瘦高的舵手向前一探身,把烟斗中的烟灰敲进大铁炉里。现在的夜晚还相当闷热,黑乎乎的炉子没有点火。

“我能为您二位做点什么?”法兰问道。

“帮助我们熟悉这条河。”马什说。

法兰一扬眉。“帮您二位熟悉这条河?我已经有个学徒了。对不对,乔迪?”

“没错,法兰先生。”乔迪说。

法兰笑着耸耸肩。“嗯,我在教乔迪。我们早就达成协议,等他拿到执照加入公会后,我会从他一开始的薪水里得到六百块。之所以这么便宜,是因为我认识他家里人。但我可不认识您的家人啊,完全不认识。”

乔希·约克解开黑灰色马甲的扣带,露出放钱的腰带。他拿出一枚值二十块的金币,放在火炉上。黑铁映衬下,金子闪着柔和的微光。

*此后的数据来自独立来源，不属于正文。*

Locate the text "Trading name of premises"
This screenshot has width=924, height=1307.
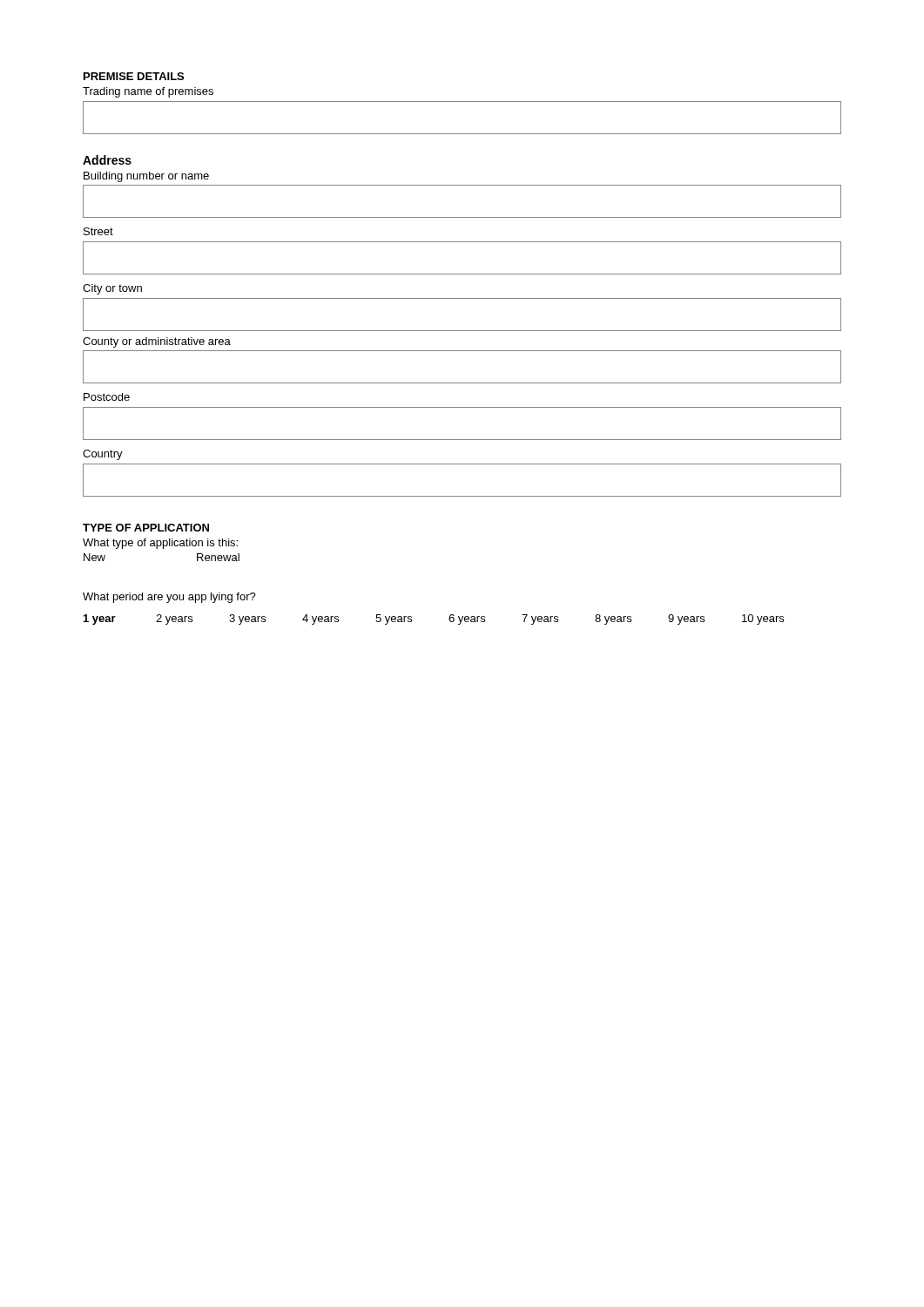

“二十,”约克说着又往上摞了一枚,“四十,”然后是第三枚,“六十。”当数目达到三百时,约克扣上马甲。“恐怕我只带了这么多,法兰先生。但我向您保证,我并不缺钱。只要您同意教我掌舵的入门知识,同时帮助马什先生复习一下,让他能够操控自己的船,您就能赚到七百美元,奥尔布赖特先生也一样。现款支付,不用等未来的薪水。怎么样?”

在马什看来,法兰真是相当冷静。他若有所思地抽着烟斗,似乎在考虑这项提议,最后伸出手来,拿走了这摞金币。“奥尔布赖特先生怎么样我不知道,但我这个人向来钟爱金子的颜色。我会教你们。明天白天我开始当班的时候过来怎么样?”

“马什船长应该没问题,”约克说,“但我更希望马上开始。”

法兰看了看四周夜色。“该死,”他说,“你看不见吗,现在是晚上。我教了乔迪快一年,这个月才让他试着在夜里操舵。跑夜船可不简单。不简单。”他的语气严肃起来,“我会先在白天教你,那时你能看清自己所跑的河段。”

“我要在夜里学。我的作息习惯比较特殊,法兰先生。但您不用担心,我有绝佳的夜视力,比您还强,我估计。”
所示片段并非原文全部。